Answer: Never, because it will get harder and harder for you to locate a pistachio as the empty shells pile up in the room. Eventually, it will be not worth your while to continue looking, though there are surely pistachios left to find.

Back to oil–as the price of oil rises, it will eventually become economically attractive to start exploiting oil from areas that are not currently economically viable, such as the Canadian tar sands. There’s as lot of oil in them there tar sands.

So even though oil is also a finite resource, like the pistachio nuts, we are never going to run out of it. It will simply become more and more expensive as it becomes more and more difficult to produce.
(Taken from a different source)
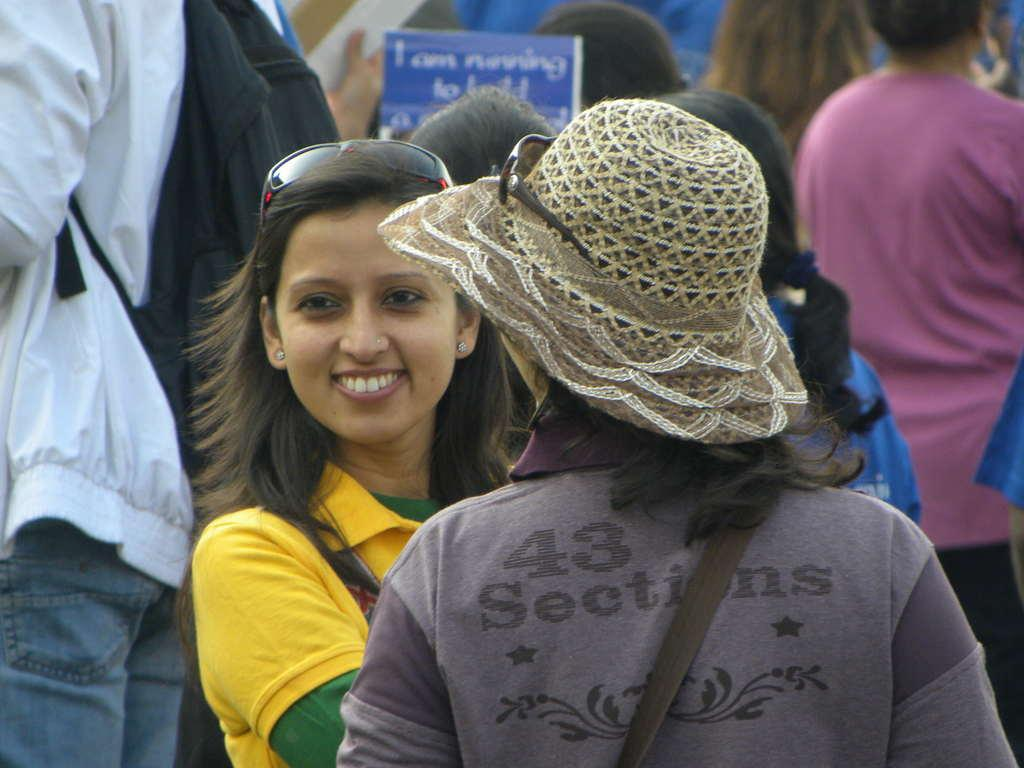What is the main subject of the image? The main subject of the image is a group of people. Can you describe one person in the group? There is a woman with a yellow t-shirt in the image. What is the woman doing in the image? The woman is standing and smiling. What else can be seen in the image besides the people? There is a board with text in the image. What verse is being recited by the group in the image? There is no indication in the image that the group is reciting a verse, so it cannot be determined from the picture.

BTW, as stated in the OP, oil has many other uses besides it use as fuel, such as feedstock for plastics and other chemical manufacturing. As the price of oil continues to rise, it will ultimately become too valuable to burn. Long before this point is reached, we will be using alternative energy sources.

That’s not an assumption that I made, read the first sentence again. Also, the pistachio analogy is good, but I also considered that in the first sentence.

Maybe my question should have been phrased, “what would the lead time for developing/implementing alternate strategies if we learned that there would be no more oil at X point in the future.”

Padeye, I’ll dig through GD and see if I can find anything, but I wanted to make my post clear, although if there was any information that one would like to add, please post.

Judging by the way Ft McMurray’s booming, it’s already plenty economically viable to extract oil from the tar sands. But it’s true that it’s much, much more expensive to extract oil there than it is to pull it out from under Saudi Arabia. Still, the cost is coming down as technologies are developed to improve how it’s done.

Actually after re-reading it 3x it seems like exactly the assumption you made.

Anyhoo (I use this term just because it peeves some people off) :wink:

As pointed out the earth will never run out of oil till the Earth itself is no more. But as also pointed out, as oil gets more expensive to extract, other fuels are comparativly cheaper. Now most of them currently depend on the price of oil (biofuel, in a recent Cecil post, require 2 gal of oil to make 1 gal of biofuel, so if the price of oil goes up so does biofuel. Nuke fuel is somewhat independant and competetive to oil right now, as oil prices increase, nuke power looks more attractive (too bad we arn’t building any nuke plants :frowning: ) It may aslo brign on a revolution of electric and hydrogen cars.

Coal is also plentiful and cheap, but considered ‘dirty’ (though clean coal tech has come a long way), A sudden decrease in oil supply I would wag would result in a sudden increase in coal, which we (USA) have a great supply of).

robby, that was the best and easiest to understand explanation of the situation that I have ever seen. I will remember it and pass it on. Thank you.

I did answer your question as it was stated. The flaw in the initial assumptionmakes a factual answer difficult to impossible. The lead time to develop new technology will depend on the motivation to do so. While oil is cheap there is little financial incentive to do intensive research that can’t return a profit. As oil becomes more expensive it will gradually become more profitable to research alternate energy sources.

You also may want to draw a distinction between true energy sources and alternate fuels. Hydrogen is a fuel but not an alternative energy source as it isn’t found in nature apart from that contained in hydrocarbon fuels and biomass.